[Stored entries]
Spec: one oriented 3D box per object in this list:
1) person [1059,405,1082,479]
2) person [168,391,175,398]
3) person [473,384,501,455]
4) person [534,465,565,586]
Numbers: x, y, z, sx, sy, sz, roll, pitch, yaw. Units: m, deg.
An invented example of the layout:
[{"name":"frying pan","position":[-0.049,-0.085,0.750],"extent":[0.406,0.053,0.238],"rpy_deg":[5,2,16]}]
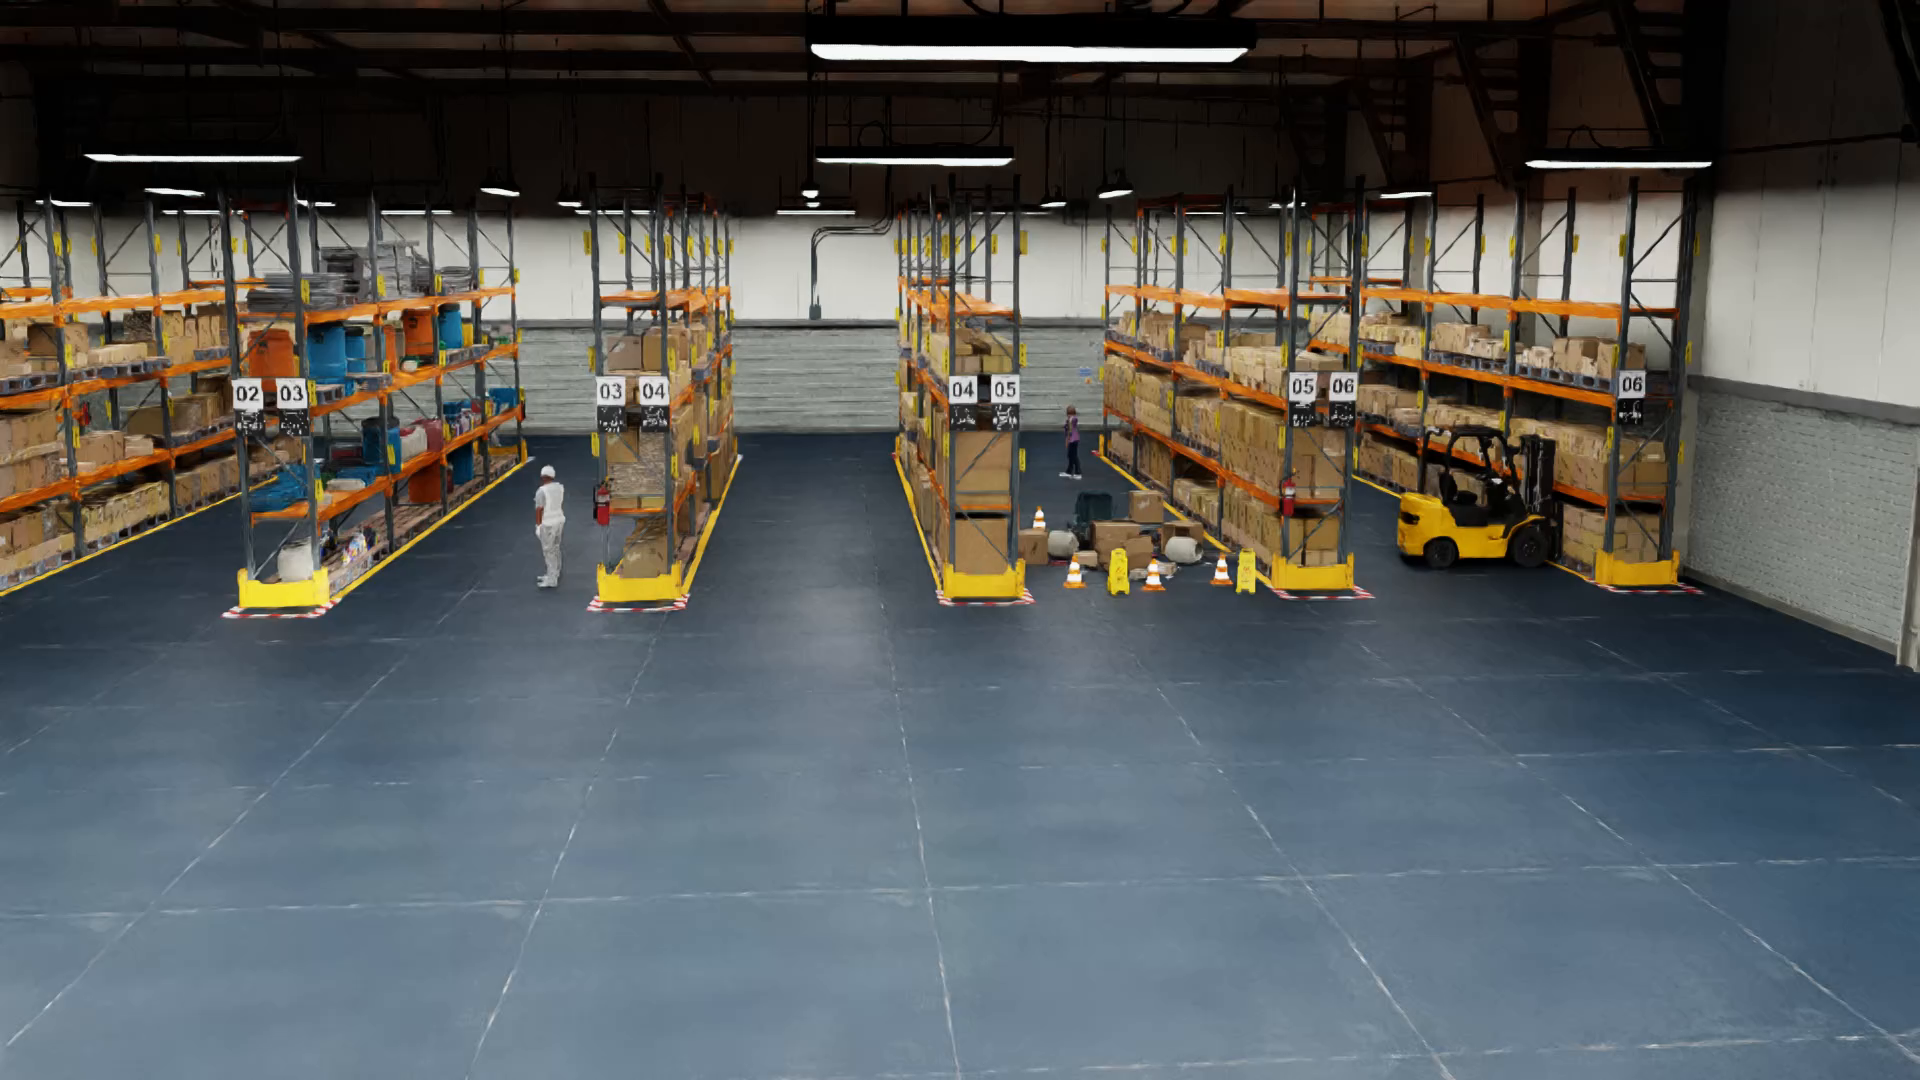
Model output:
[{"name":"person","position":[2.415,-2.145,36.187],"extent":[0.538,1.587,0.541],"rpy_deg":[3,10,15]},{"name":"person","position":[-17.776,-2.477,37.449],"extent":[0.400,1.790,0.643],"rpy_deg":[-3,11,-19]},{"name":"person","position":[-11.420,-2.885,40.120],"extent":[0.628,1.725,0.628],"rpy_deg":[-8,13,-38]},{"name":"person","position":[-6.161,-0.230,24.785],"extent":[0.493,1.785,0.616],"rpy_deg":[5,11,25]}]

WORK ORDER:
Give all the records again, exactly, without images.

ANSWER FOR THE TASK:
Spec: one oriented 3D box per object in this list:
1) person [1059,405,1082,479]
2) person [168,391,175,398]
3) person [473,384,501,455]
4) person [534,465,565,586]
Numbers: x, y, z, sx, sy, sz, roll, pitch, yaw. Units: m, deg.
An invented example of the layout:
[{"name":"frying pan","position":[-0.049,-0.085,0.750],"extent":[0.406,0.053,0.238],"rpy_deg":[5,2,16]}]
Model output:
[{"name":"person","position":[2.415,-2.145,36.187],"extent":[0.538,1.587,0.541],"rpy_deg":[3,10,15]},{"name":"person","position":[-17.776,-2.477,37.449],"extent":[0.400,1.790,0.643],"rpy_deg":[-3,11,-19]},{"name":"person","position":[-11.420,-2.885,40.120],"extent":[0.628,1.725,0.628],"rpy_deg":[-8,13,-38]},{"name":"person","position":[-6.161,-0.230,24.785],"extent":[0.493,1.785,0.616],"rpy_deg":[5,11,25]}]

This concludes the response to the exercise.